The biomarker PD-1, a protein, could potentially be used to predict survival or disease-free survival of lung cancer patients who have had the tumour surgically removed. This is substantiated by the results of a study conducted under the direction of the Comprehensive Cancer Center (CCC) of MedUni Vienna and Vienna General Hospital, together with MedUni Graz and the University of Novi Sad. The paper was presented at the 17th World Conference on Lung Cancer, which is currently taking place in Vienna.
In Austria, around 4,000 people develop lung cancer every year. Around three quarters of these cases involve so-called Non-Small Cell Lung Cancer (or NSCLC). In turn, half of these, that is to say around 1,400 people, are diagnosed as having adenocarcinomas, the commonest subtype of NSCLC. The earlier the disease is detected, the better the patient’s chances of recovery. Essentially, the options for treatment are surgery, radiotherapy, chemotherapy (before and after surgery), a combination of these methods and, very recently, immunotherapy.
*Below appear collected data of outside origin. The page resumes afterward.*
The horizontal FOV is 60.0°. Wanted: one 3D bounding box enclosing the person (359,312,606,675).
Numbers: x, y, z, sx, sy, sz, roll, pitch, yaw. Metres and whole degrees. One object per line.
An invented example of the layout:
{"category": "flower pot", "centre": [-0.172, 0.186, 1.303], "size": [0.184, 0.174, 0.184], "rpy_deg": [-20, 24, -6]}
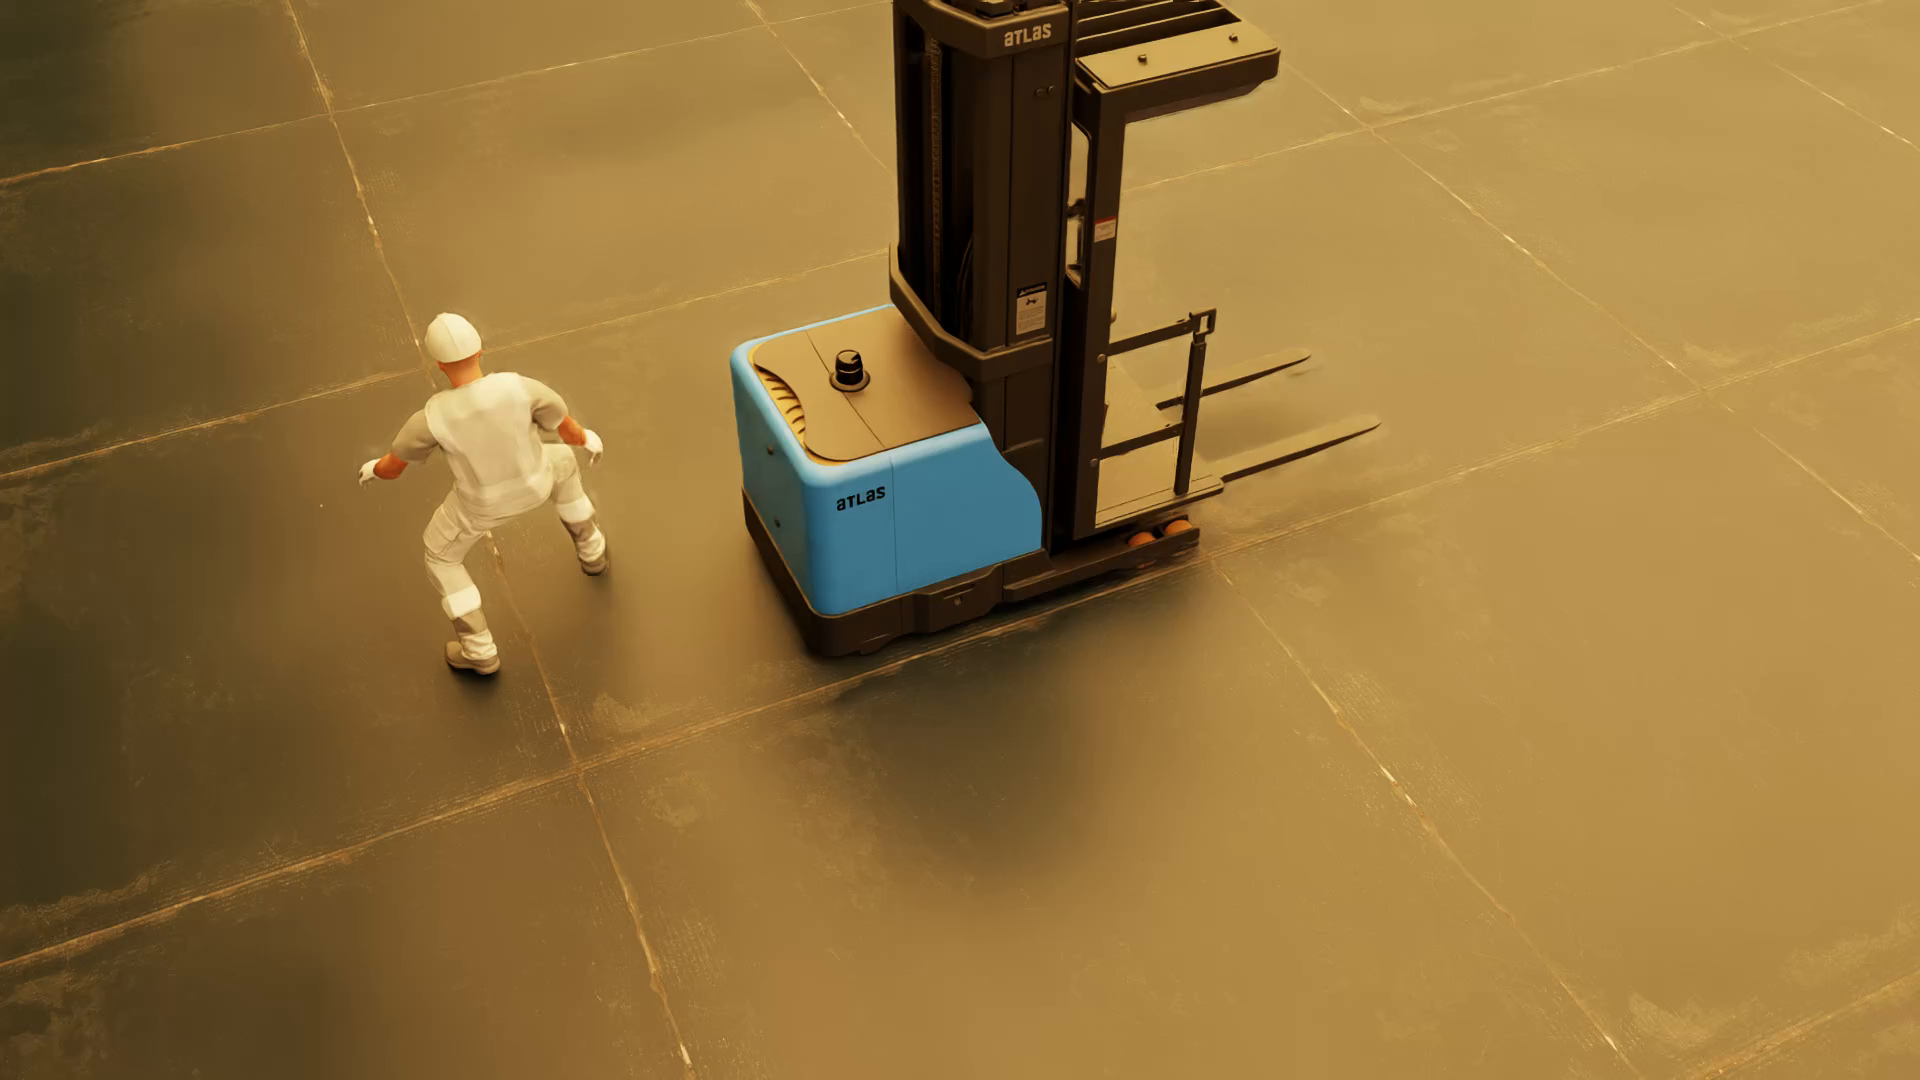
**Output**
{"category": "person", "centre": [-1.961, -0.268, 6.912], "size": [0.995, 1.608, 0.706], "rpy_deg": [-17, 46, -17]}

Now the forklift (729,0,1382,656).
{"category": "forklift", "centre": [0.551, -1.253, 7.023], "size": [3.031, 2.935, 1.130], "rpy_deg": [-18, 46, -18]}

Scientists led by Martin Filipits, cancer researcher at MedUni Vienna’s Institute of Cancer Research and member of CCC Vienna, has now been able to show that PD-1, a protein that occurs on the surface of the body’s immune cells, could serve as a biomarker for predicting the survival of patients with adenocarcinomas. PD-1 is a so-called immune checkpoint protein. Immune checkpoints monitor the correct functioning of the immune response and check an ongoing immune reaction. That is important, as otherwise the immune response could overshoot and give rise to autoimmune diseases.
In the study, the researchers examined cancer cells and immune system cells from 159 patients. All of these patients had previously had the cancer resected and some of them had received chemotherapy afterwards. PD-1 was found on the immune cells of 45% of the patients and PD-L1 on the cancer cells in 37% of them. The investigation clearly showed that both survival and disease-free survival was longer in the patients in which PD-1 was found than in those where it was not. On the other hand, it made no difference to the prognosis whether PD-L1 was present on the cancer cells or not.
Filipits: “Our results indicate that PD-1 could serve as a biomarker for predicting the survival of patients with an operable adenocarcinoma of the lung. This finding still needs to be confirmed in further studies but it indicates the direction for further research.”